If the function outputs a vector, i.e. $\vec{f} \, : \, \mathbb{R}^n \mapsto \mathbb{R}^{m}$, write each component of $\vec{f}=\left( f_1, \ldots, f_m \right)$ and the same procedures can be performed on each component of the vector-valued function. Thus, a gradient can be computed for each component $\nabla f_i$, critical points must satisfy the vector equation $\vec{f}\left(\vec{x}^{*} \right) = \vec{0}$.

$$ \nabla F = \nabla \left( f (g(x)), f(h(x)) \right) = \nabla f \dfrac{\partial (g,h)}{\partial x} $$$$ \nabla f \dfrac{\partial (g,h)}{\partial x} = \left( \begin{array}{c} \nabla g \\ \nabla h \end{array} \right) $$

is the Jacobi matrix.

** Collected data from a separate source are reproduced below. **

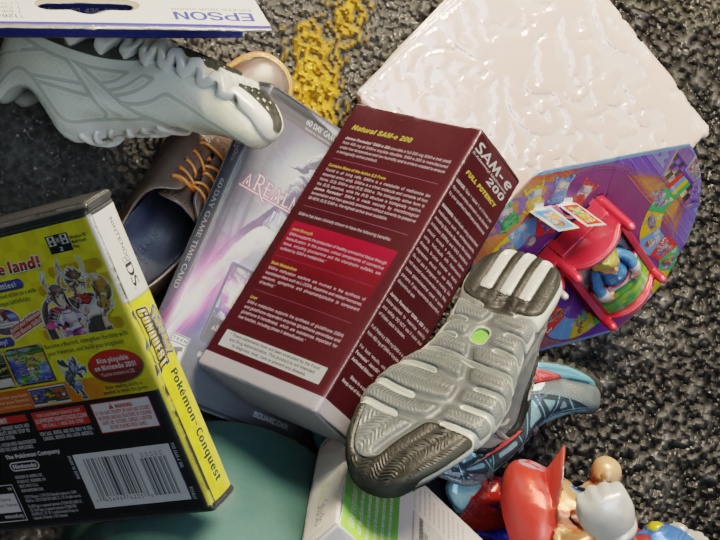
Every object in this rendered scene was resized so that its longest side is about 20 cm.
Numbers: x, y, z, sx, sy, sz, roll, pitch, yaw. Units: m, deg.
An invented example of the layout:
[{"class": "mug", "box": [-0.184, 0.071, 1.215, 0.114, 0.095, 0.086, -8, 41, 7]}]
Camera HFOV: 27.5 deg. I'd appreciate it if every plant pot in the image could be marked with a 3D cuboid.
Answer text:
[{"class": "plant pot", "box": [-0.088, 0.209, 0.870, 0.200, 0.161, 0.201, -1, 103, -4]}]

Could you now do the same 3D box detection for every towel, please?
[{"class": "towel", "box": [0.121, -0.111, 1.026, 0.191, 0.032, 0.200, -44, 103, -11]}]

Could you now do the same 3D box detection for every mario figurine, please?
[{"class": "mario figurine", "box": [0.184, 0.165, 0.930, 0.200, 0.124, 0.106, 26, 48, 9]}]

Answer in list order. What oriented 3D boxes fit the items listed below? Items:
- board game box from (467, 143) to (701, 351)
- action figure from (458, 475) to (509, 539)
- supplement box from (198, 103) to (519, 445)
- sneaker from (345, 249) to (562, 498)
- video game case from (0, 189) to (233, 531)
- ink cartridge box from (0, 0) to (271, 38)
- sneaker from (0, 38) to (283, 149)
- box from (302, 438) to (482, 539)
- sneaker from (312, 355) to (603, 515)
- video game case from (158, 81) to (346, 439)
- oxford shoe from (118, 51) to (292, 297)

Each row of the Jacobi matrix is a gradient of $g$ or $h$.

$$ \nabla_{\boldsymbol{w}} f \left(\boldsymbol{x}\right) = \lim_{h \rightarrow 0} \dfrac{f(\boldsymbol{x} + h\boldsymbol{v}) - f(\boldsymbol{x})}{h} $$$$ \nabla_{\boldsymbol{w}} f \left(\boldsymbol{x}\right) = \nabla f \left(\boldsymbol{x}\right) \cdot \boldsymbol{w} $$

As, by convention, $\nabla f \left(\boldsymbol{x}\right)$ is a column vector.

The directional derivative can then be expressed as a matrix-vector product, specifically a Jacobian-vector product.

By the Cauchy-Schwarz inequality, the largest value of the directional derivative is when $\nabla f$ and $\boldsymbol{w}$ are pointing in the same direction.